[Records excerpted from a collection]

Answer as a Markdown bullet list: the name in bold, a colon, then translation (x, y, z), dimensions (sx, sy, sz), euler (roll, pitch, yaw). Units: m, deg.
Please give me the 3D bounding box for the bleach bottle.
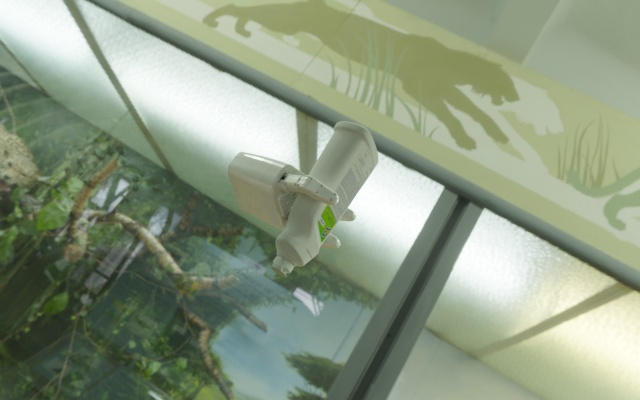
- **bleach bottle**: translation (0.000, 0.002, 0.738), dimensions (0.068, 0.250, 0.103), euler (20, -25, 32)
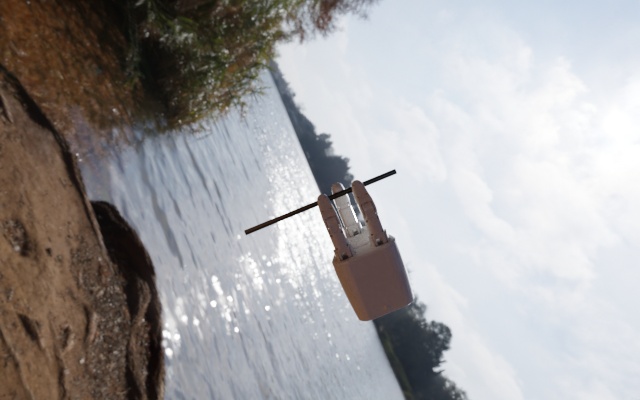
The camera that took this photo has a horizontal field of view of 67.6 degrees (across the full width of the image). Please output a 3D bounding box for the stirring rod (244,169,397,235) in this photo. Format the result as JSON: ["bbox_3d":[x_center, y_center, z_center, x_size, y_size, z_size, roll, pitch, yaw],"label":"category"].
[{"bbox_3d":[0.000,0.002,0.706,0.239,0.011,0.011,-22,0,0],"label":"stirring rod"}]
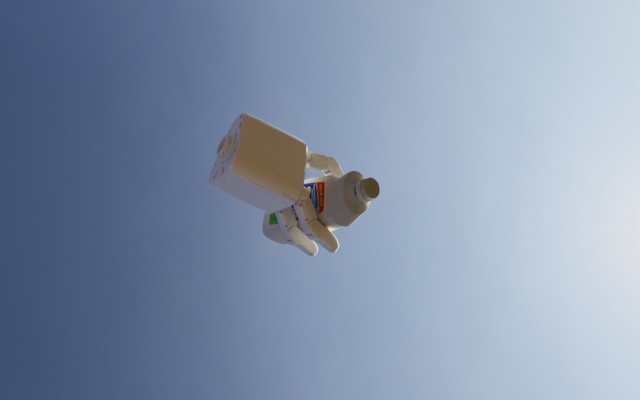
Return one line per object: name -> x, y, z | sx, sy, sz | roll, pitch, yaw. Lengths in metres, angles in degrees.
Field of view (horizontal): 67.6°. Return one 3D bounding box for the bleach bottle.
bleach bottle -> 0.000, 0.003, 0.730 | 0.068, 0.102, 0.251 | 25, -25, -27

* **What you need to do**
Output every record above exactly as written, but skip the pictures.

* **Written reply**
Answer as a Markdown bullet list: the name in bold, a colon, then translation (x, y, z), dimensions (sx, sy, sz), euler (roll, pitch, yaw). Units: m, deg.
Please give me the 3D bounding box for the bleach bottle.
- **bleach bottle**: translation (0.000, 0.002, 0.738), dimensions (0.068, 0.250, 0.103), euler (20, -25, 32)
The camera that took this photo has a horizontal field of view of 67.6 degrees (across the full width of the image). Please output a 3D bounding box for the stirring rod (244,169,397,235) in this photo. Format the result as JSON: ["bbox_3d":[x_center, y_center, z_center, x_size, y_size, z_size, roll, pitch, yaw],"label":"category"].
[{"bbox_3d":[0.000,0.002,0.706,0.239,0.011,0.011,-22,0,0],"label":"stirring rod"}]
Return one line per object: name -> x, y, z | sx, sy, sz | roll, pitch, yaw. Lengths in metres, angles in degrees.
Field of view (horizontal): 67.6°. Return one 3D bounding box for the bleach bottle.
bleach bottle -> 0.000, 0.003, 0.730 | 0.068, 0.102, 0.251 | 25, -25, -27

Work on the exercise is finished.